Пожарник признал Нартахова.
– Мои люди были внутри здания. Доложили, что там никого нет.
– Надо бы всё тщательно осмотреть, – настойчиво сказал Нартахов. – Может быть, потерял сознание от дыма и лежит где-нибудь.
– Так-то оно так, – как будто начал соглашаться пожарник, – но ведь докладывали…
– Докладывали, докладывали, – взорвался Зимин. —Уваров никуда не мог уйти. Он только там. А ваши люди и не чешутся, а только докладывают.
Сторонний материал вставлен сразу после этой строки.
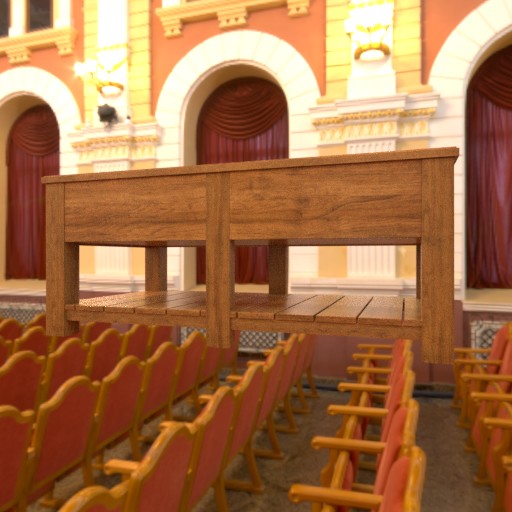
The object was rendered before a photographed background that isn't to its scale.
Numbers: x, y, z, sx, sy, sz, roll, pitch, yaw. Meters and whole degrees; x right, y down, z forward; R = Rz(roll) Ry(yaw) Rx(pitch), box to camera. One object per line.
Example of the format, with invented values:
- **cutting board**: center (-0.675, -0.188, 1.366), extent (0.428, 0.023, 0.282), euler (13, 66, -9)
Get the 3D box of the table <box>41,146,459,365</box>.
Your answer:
- **table**: center (0.000, 0.000, 1.450), extent (1.150, 0.480, 0.635), euler (0, 0, 19)
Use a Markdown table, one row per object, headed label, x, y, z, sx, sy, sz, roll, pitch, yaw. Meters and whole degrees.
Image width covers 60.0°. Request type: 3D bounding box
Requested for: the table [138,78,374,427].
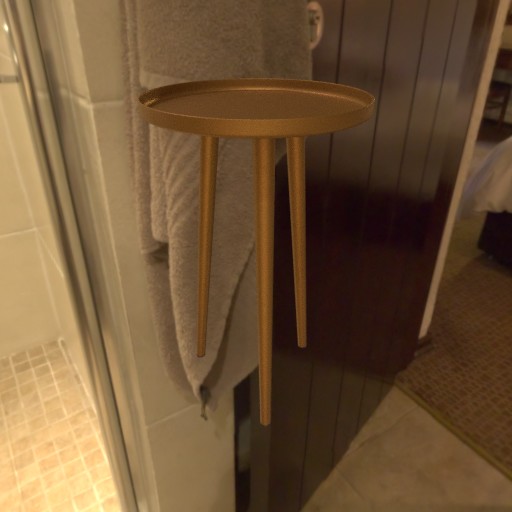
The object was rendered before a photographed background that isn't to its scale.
| label | x | y | z | sx | sy | sz | roll | pitch | yaw |
| --- | --- | --- | --- | --- | --- | --- | --- | --- | --- |
| table | 0.000 | 0.000 | 0.691 | 0.299 | 0.480 | 0.299 | 10 | 31 | 17 |

– Если бы твой сторож не бросил свой пост, то он был бы тут, – обозлился и пожарник. – Сторожа здесь нет. Я своим людям верю.
– И я своим людям верю! – перешёл на крик Зимин.
– Что? – начальник пожарной команды налился злостью. – Я здесь сейчас распоряжаюсь! А ну, прочь отсюда и не мешай работать! – Пожарник кричал только на Зимина, делая вид, что Нартахова это не касается. – Он, видите ли, верит! Допустил пожар и теперь верит. Да тебя и твоих людей судить теперь надо!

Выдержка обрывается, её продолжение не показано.